WHAT IS NEEDED:
Look below for the line holding "3) object <box>563,439,578,448</box>" and the line holding "19) object <box>568,590,576,600</box>". Repeat those two and everything between, exactly.

TASK INPUTS:
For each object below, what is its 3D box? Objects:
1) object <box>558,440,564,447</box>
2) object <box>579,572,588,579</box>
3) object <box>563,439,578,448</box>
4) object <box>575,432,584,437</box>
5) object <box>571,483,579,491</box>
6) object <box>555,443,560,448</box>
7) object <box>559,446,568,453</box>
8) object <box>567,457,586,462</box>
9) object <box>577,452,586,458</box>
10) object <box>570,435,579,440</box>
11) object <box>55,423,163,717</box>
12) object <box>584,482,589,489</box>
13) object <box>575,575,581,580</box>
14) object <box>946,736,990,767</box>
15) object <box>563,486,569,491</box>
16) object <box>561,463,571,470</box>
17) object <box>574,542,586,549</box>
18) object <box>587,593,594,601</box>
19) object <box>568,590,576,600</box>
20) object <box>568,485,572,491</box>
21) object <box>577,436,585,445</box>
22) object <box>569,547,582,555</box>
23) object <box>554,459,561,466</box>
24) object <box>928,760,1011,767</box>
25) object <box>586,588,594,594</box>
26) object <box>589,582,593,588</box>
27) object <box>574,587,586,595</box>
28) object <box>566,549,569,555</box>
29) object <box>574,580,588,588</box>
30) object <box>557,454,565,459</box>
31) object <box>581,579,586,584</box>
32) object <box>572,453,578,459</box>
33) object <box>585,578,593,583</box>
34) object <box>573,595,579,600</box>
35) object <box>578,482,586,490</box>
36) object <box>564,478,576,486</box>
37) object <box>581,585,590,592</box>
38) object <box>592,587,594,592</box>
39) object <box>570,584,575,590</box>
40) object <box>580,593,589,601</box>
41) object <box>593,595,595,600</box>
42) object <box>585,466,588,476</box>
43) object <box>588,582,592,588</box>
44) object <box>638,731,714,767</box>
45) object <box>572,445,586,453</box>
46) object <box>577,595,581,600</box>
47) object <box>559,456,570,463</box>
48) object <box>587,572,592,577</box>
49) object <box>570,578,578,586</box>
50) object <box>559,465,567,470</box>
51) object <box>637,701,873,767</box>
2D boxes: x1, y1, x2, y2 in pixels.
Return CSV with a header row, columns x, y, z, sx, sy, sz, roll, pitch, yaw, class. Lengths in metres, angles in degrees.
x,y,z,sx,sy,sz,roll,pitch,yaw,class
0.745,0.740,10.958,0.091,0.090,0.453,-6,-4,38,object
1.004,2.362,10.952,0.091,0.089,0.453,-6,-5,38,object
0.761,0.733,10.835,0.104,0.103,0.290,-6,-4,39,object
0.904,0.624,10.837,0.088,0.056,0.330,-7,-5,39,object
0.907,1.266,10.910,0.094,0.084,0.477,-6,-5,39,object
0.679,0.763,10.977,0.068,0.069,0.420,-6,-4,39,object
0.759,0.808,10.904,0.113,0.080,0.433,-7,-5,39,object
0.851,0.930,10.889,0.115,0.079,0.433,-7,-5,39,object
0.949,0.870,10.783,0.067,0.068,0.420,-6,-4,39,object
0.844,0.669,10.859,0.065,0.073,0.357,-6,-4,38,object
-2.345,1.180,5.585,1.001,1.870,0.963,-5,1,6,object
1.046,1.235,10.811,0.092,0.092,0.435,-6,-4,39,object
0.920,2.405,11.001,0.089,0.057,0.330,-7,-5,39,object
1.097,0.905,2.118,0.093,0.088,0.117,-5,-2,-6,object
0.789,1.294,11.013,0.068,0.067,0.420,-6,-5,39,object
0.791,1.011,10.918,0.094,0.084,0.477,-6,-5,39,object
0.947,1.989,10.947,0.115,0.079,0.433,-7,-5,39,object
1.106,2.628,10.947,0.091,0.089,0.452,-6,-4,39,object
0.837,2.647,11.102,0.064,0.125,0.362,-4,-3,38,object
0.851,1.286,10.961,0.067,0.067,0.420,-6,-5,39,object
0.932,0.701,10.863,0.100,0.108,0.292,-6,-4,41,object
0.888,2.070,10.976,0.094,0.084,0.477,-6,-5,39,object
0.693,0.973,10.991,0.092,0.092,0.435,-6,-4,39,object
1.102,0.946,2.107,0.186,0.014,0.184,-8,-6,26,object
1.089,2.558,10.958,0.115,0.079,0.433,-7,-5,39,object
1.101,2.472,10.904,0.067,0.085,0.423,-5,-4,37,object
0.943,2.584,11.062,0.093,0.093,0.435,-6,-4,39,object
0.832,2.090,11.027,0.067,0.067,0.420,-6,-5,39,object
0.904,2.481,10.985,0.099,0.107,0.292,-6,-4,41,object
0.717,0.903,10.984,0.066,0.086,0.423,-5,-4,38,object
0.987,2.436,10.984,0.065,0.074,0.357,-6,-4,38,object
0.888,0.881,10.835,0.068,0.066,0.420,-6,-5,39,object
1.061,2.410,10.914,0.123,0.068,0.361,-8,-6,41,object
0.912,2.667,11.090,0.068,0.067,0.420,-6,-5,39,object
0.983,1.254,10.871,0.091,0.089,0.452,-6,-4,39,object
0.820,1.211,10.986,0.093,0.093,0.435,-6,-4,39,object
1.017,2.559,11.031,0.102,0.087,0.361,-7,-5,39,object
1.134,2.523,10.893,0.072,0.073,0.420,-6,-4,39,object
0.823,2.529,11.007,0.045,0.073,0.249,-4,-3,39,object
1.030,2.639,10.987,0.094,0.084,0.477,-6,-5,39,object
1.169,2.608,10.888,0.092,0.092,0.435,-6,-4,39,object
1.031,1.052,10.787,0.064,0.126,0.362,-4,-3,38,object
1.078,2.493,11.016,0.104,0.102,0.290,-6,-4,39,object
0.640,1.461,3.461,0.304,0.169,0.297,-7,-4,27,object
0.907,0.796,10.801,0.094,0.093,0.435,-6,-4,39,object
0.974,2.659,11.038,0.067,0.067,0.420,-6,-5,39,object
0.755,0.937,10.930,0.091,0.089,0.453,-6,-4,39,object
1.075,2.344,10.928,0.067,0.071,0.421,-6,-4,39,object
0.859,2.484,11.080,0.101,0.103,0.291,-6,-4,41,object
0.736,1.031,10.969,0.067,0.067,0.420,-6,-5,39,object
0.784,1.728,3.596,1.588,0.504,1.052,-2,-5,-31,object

SOLUTION FOR THIS TASK:
3) object <box>563,439,578,448</box>
4) object <box>575,432,584,437</box>
5) object <box>571,483,579,491</box>
6) object <box>555,443,560,448</box>
7) object <box>559,446,568,453</box>
8) object <box>567,457,586,462</box>
9) object <box>577,452,586,458</box>
10) object <box>570,435,579,440</box>
11) object <box>55,423,163,717</box>
12) object <box>584,482,589,489</box>
13) object <box>575,575,581,580</box>
14) object <box>946,736,990,767</box>
15) object <box>563,486,569,491</box>
16) object <box>561,463,571,470</box>
17) object <box>574,542,586,549</box>
18) object <box>587,593,594,601</box>
19) object <box>568,590,576,600</box>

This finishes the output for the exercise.